Telepon Presiden Jokowi, PM Jepang Tegaskan Mendukung Penuh Inisiatif Indonesia

Perdana Menteri Jepang Yoshihide Suga (foto: antara)


MARTIRNEWS.COM - Perdana Menteri Jepang Yoshihide Suga melakukan panggilan telepon dengan Presiden RI Joko Widodo (Jokowi) untuk menyampaikan dukungannya terhadap inisiatif Indonesia mengenai kawasan Indo-Pasifik. 

"Jepang tetap mempromosikan Indo-Pasifik yang Bebas dan Terbuka (Free and Open Indo-Pacific/FOIP) serta mendukung penuh Pandangan ASEAN terhadap Indo-Pasifik (ASEAN Outlook on the Indo-Pacific/AOIP) yang dipromosikan Indonesia," tulis Kedutaan Besar Jepang di Jakarta, mengutip Suga, Selasa (13/10).

Dalam menanggapi dukungan PM Suga, Presiden Jokowi --seperti dikutip dalam keterangan Kedubes Jepang tersebut-- menyatakan bahwa Indonesia ingin bekerja sama dengan Jepang secara erat untuk menghadapi tantangan terkait situasi di kawasan.

Keduanya memastikan pula kerja sama terus berlangsung menjelang Konferensi Tingkat Tinggi ke-37 ASEAN, yang dijadwalkan pada 11-15 November 2020.

Dalam pembicaraan sekitar 10 menit itu, Suga --yang baru dilantik sebagai perdana menteri pada 16 September 2020--juga menyatakan keinginan untuk menjalin hubungan yang istimewa dengan Jokowi dan mempererat kemitraan strategis kedua negara. 

Jokowi, kata Kedubes Jepang, menyambut baik keinginan itu dengan menyebut ingin pula meningkatkan hubungan Indonesia dan Jepang sebagai mitra yang penting.

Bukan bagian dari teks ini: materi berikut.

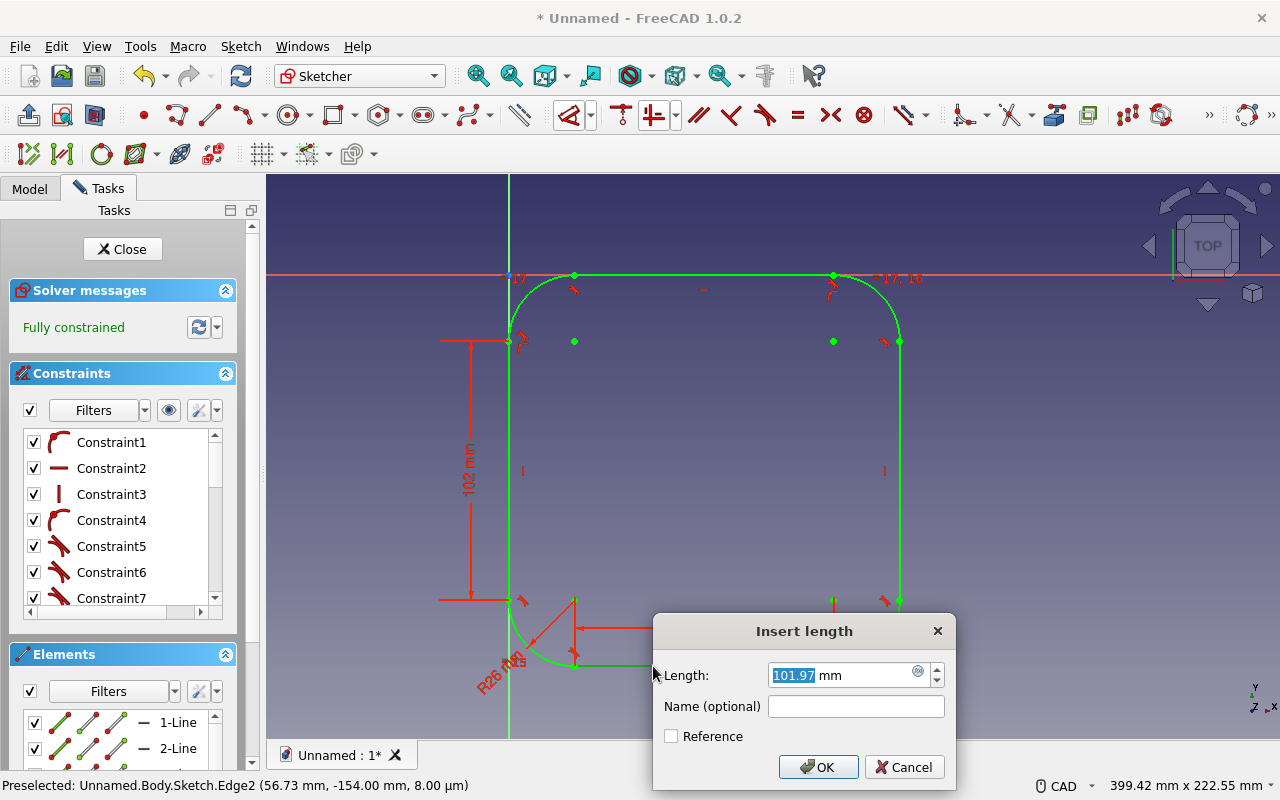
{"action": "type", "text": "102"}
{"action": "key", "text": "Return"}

Sebelumnya, Presiden telah terlebih dahulu menyampaikan selamat atas pelantikan PM Suga.

Kemitraan Indonesia dan Jepang yang diharapkan dapat lebih mendalam, tulis Kedubes Jepang lebih lanjut, antara lain mencakup bidang pembangunan infrastruktur, pembinaan sumber daya manusia, dan keamanan maritim. 

"Selain itu, PM Suga menyampaikan harapan agar Indonesia mendukung penyelesaian masalah Korea Utara, termasuk isu penculikan warga negara Jepang," kata Kedubes Jepang.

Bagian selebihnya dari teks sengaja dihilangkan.